Wednesday, October 21, 2020

The Power of Science


As we noted in the previous posting on this subject, in social justice terms, nothing is impossible . . . if you go at it from the right principles and use the correct techniques.

That, in fact, is the very nature of social justice.  As CESJ co-founder Fr. William Ferree noted in his pamphlet, Introduction to Social Justice (1948),

Fr. William J. Ferree

 

The completed doctrine of Social Justice places in our hands instruments of such power as to be inconceivable to former generations.

But let us be clear about what is new and what is old. None of the elements of this theory are new. Institutions, and institutional action, the idea of the Common Good, the relationship of individual to Common Good — all these things are as old as the human race itself. . . .

When all that is admitted, there is still something tremendously new and tremendously important in this work of Pope Pius XI. The power that we have now to change any institution of life, the grip that we have on the social order as a whole, was always there but we did not know it and we did not know how to use it.

Now we know.

That is the difference. (Rev. William Ferree, S.M., Introduction to Social Justice.  New York: Paulist Press, 1948, 56.)

As we noted previously, Prince Otto von Bismarck had imposed an indemnity on France that was specifically intended to destroy France economically forever, thereby removing a potential threat or rival to the preeminence of the nascent Second Reich that Bismarck was busily assembling (on his terms, of course).

This put France in a definite bind, and it would have been the end of an independent country had it not been for Louis Pasteur.

 

Louis Pasteur

Pasteur’s discoveries — at least those with a direct bearing on this story — began with a way to treat wine to prevent it from becoming sour. In 1862 Pasteur realized that the application of heat would kill the microorganisms that caused the problem. In his honor the process is called pasteurization. It has been widely applied to other liquids, notably milk. An interesting “might-have-been” in history is that a few years previously Gail Borden, Jr., seeking a way to make milk safe for more than a few hours, invented a vacuum pan that would allow him to heat milk without scorching it in order to “condense” the liquid and can it. In a sense, Borden could be said to have invented pasteurization before Pasteur.

Soon after Pasteur’s discovery saved the French wine industry, it was discovered that some unknown disease was destroying the French silk industry. A friend — an unverified source claims it was the novelist Alexander Dumas — urged Pasteur to look into the problem. At first reluctant (he had never so much as seen a silkworm) he went to the south of France in the summer of 1865. By September he announced that he had found a cure.

Edward Jenner

 

If we understand the description correctly, the process Pasteur perfected involves first isolating the cause of the disease. The researcher then grows the organism under laboratory conditions. He or she then introduces factors that weaken the organism artificially so that, while it can no longer cause the disease, it can still stimulate the body to produce a defense against it — which defense is usually effective against the organism at full strength. This was an improvement on Edward Jenner’s technique, which required that a naturally weak strain of the disease be located.

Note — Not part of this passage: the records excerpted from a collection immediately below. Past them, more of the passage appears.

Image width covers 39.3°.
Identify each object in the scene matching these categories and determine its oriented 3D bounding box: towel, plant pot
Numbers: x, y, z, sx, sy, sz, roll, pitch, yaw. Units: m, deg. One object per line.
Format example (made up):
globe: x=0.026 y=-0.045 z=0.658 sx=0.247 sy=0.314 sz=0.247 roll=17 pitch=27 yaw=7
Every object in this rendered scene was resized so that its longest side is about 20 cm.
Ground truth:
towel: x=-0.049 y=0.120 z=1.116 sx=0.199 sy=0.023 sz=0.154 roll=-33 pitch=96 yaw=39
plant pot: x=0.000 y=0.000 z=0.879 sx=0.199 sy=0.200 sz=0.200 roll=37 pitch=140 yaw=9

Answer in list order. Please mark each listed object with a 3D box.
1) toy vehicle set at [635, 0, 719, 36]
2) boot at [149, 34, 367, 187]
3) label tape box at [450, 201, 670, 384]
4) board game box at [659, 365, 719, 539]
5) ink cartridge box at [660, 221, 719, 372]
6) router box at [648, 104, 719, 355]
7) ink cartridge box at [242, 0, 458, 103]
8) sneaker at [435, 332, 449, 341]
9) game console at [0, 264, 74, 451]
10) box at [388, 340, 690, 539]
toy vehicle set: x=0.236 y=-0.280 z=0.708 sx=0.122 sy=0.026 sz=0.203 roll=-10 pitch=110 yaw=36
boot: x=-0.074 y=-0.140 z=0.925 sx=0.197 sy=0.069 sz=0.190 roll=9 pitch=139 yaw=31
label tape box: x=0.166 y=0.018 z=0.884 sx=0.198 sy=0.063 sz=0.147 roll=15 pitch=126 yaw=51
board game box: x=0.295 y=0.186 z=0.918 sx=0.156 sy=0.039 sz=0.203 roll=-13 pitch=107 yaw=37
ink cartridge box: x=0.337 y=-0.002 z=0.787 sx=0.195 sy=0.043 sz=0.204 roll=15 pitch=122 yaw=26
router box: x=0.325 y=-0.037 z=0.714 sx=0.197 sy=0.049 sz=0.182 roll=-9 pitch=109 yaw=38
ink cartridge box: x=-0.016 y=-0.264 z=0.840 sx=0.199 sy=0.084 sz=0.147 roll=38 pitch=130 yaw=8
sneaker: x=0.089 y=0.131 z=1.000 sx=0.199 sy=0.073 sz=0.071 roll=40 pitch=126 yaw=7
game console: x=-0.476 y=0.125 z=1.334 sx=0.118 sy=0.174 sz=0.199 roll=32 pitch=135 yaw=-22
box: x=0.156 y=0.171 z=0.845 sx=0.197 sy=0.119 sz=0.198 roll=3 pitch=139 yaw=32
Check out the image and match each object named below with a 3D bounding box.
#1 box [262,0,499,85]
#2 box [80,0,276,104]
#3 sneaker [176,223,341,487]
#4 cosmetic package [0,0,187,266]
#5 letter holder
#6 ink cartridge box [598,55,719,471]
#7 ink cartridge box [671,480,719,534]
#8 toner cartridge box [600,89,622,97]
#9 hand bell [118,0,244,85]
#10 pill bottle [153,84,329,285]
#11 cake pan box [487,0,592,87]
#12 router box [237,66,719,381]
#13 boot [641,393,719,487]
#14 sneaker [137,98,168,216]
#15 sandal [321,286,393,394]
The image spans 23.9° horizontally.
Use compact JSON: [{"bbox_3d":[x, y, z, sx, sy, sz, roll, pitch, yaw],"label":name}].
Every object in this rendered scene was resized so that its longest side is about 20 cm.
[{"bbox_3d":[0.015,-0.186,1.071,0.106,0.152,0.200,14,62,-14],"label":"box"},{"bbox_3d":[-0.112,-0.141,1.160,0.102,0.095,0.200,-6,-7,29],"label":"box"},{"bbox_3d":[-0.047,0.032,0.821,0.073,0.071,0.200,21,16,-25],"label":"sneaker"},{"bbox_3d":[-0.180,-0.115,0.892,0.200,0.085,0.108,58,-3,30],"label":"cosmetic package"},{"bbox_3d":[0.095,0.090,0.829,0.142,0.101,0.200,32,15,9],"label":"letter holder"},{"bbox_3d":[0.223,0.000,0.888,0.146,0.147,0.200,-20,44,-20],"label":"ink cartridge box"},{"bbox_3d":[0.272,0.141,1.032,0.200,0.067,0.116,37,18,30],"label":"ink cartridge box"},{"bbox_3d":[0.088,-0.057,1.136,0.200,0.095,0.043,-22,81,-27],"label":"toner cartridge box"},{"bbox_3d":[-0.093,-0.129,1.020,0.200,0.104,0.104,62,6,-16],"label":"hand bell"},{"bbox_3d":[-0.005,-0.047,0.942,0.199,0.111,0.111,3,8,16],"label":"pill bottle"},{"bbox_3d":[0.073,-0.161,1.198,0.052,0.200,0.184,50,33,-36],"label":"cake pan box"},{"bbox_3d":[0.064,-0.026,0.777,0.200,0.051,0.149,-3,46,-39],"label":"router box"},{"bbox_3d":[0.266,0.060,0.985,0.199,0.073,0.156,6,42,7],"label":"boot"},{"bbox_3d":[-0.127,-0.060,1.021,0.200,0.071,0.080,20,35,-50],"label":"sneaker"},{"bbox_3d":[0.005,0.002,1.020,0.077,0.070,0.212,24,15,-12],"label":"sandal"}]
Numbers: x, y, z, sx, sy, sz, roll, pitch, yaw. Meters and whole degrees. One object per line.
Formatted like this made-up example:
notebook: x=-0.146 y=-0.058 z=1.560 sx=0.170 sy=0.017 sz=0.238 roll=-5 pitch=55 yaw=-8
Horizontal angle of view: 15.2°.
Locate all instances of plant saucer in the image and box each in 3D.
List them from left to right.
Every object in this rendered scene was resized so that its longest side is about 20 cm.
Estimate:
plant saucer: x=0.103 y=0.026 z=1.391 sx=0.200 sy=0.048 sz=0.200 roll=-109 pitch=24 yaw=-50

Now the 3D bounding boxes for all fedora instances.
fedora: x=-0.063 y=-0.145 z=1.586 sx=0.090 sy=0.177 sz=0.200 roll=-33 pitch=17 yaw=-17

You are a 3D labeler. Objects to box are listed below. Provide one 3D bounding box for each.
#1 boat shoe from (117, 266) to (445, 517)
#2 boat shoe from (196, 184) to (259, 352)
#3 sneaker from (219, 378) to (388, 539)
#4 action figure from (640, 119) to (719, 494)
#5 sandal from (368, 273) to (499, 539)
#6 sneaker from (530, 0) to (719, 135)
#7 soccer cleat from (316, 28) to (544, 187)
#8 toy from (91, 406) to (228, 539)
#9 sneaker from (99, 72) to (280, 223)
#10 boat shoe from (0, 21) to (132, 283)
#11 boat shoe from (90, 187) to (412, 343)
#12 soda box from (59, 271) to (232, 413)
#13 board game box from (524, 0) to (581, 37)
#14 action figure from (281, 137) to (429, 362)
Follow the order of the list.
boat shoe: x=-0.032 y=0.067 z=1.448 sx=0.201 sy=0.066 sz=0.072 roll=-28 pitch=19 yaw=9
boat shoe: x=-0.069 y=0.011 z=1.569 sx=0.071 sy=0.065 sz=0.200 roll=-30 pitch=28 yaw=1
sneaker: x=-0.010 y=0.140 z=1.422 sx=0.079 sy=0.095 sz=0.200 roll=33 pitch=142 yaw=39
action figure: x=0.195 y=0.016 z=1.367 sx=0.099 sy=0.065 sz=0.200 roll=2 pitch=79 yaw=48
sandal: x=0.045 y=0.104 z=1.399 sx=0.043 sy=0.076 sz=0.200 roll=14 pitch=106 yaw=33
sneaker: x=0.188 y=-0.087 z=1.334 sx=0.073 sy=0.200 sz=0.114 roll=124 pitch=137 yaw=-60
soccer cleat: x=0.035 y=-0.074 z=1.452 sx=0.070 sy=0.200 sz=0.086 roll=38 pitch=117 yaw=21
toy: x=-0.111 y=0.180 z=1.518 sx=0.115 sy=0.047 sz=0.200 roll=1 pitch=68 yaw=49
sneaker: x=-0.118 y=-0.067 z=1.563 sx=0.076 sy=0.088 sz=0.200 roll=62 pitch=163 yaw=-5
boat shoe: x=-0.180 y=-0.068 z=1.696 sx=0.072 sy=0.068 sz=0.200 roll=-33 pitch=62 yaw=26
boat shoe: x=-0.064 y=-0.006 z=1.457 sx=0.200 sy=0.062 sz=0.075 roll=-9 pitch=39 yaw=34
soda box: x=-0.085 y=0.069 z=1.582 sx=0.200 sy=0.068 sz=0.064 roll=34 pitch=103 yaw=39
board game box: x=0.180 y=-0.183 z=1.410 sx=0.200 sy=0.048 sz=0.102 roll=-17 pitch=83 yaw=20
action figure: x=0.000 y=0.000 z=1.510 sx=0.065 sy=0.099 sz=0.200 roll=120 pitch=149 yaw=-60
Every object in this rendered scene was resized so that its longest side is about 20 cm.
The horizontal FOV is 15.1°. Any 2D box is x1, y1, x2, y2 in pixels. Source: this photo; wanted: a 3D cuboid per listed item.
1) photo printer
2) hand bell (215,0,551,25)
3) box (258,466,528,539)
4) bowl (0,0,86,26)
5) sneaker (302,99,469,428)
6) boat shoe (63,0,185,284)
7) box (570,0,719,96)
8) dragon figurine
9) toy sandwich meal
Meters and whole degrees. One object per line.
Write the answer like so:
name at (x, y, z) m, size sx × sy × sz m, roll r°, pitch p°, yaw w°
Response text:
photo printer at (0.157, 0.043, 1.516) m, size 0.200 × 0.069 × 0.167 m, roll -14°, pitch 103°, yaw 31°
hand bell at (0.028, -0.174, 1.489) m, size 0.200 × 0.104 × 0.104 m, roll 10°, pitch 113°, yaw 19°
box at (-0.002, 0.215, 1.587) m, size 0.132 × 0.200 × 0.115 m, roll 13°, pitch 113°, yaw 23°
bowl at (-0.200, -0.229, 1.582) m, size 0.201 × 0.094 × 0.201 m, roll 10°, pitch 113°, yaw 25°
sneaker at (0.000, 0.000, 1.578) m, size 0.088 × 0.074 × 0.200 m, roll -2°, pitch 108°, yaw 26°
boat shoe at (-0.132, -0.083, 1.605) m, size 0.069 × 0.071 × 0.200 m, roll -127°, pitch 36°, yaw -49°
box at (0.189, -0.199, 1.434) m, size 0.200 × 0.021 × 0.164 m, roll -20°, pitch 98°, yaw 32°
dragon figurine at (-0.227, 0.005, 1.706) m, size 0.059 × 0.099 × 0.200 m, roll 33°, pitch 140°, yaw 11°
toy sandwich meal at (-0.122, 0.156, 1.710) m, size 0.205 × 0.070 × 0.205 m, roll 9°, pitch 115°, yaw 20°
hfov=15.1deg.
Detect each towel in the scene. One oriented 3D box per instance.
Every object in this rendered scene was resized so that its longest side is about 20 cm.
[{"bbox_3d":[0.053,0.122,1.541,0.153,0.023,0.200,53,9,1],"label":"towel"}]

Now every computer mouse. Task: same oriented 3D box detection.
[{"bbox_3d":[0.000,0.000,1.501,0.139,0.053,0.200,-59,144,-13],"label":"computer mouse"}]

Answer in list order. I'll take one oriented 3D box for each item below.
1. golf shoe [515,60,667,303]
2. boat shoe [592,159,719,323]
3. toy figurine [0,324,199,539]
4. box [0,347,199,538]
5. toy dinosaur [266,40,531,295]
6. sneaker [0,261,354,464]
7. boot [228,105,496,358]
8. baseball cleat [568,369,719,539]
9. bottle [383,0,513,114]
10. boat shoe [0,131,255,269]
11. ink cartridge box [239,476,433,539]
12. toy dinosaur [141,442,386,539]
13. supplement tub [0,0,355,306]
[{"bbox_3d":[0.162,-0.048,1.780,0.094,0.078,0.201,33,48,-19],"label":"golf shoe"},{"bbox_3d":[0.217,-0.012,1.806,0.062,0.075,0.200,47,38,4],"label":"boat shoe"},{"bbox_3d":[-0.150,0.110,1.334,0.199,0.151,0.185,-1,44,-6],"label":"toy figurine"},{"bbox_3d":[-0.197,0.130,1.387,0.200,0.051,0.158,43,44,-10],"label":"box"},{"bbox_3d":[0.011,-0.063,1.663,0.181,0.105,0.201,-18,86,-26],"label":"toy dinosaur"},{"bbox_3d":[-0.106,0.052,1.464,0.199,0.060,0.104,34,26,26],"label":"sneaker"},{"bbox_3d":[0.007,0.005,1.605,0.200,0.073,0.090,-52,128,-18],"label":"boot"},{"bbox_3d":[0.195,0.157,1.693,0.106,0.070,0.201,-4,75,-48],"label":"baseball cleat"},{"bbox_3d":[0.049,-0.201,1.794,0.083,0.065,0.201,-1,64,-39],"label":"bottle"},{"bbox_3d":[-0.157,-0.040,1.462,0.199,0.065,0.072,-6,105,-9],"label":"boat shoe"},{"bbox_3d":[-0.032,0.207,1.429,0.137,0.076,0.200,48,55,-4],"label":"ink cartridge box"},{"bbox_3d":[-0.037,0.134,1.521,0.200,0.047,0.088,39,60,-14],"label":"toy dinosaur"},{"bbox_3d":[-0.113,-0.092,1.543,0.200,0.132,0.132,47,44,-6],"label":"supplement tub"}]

In the case of smallpox, the weaker strain was the less virulent cowpox. (If this description is incorrect, it is entirely due to this writer’s misunderstanding of Pasteur’s technique.)

It’s a tossup as to who was more delighted: Pasteur, or the multitudes dependent on the silk industry for their livelihood. As he said, “There is no greater charm for the investigator than to make new discoveries; but his pleasure is heightened when he sees that they have a direct application to practical life.”

 


Nor was the silk industry the only one to benefit from Pasteur’s discovery. After finding a cure for the disease that was attacking the silkworms, Pasteur turned his attention to chicken cholera. This disease was decimating — literally — French poultry, being responsible for wiping out one in every ten chickens. After the administration of Pasteur’s treatment, the death rate was reduced by more than 90% down to 1% or lower.

After cholera came anthrax. Anthrax was devastating sheep and cattle all through France. Having been ridiculed by the French Academy of Medicine, Pasteur took himself to the district of Arbois in eastern France. There he spent a decade investigating the causes of anthrax and, almost miraculously, developed an effective vaccine, which he distributed to the farmers in Arbois.

In recent years there seems to have been a movement to have Pasteur declared a fraud and a scientific cheat because a close study of his notes allegedly reveals that his method of isolating the anthrax bacillus did not produce the strain from which he created the vaccine. The bottom line, however, is that, whatever method was used to produce the strain from which Pasteur developed the vaccine, the unquestioned fact remains that Pasteur developed the vaccine. The flocks were saved.

Desperate for new sources of revenue to meet the 5 billion Franc indemnity, the government sent investigators to Arbois to find out why the sheep in that district were healthy when all across France sheep and cattle were dying in droves. Pasteur informed the committee of his discoveries, and was once again attacked and ridiculed as both a knave and a fool. Only after it was proved beyond a shadow of a doubt that the vaccine worked was it distributed throughout France and, later, the world — reducing the death rate from anthrax to under 1%.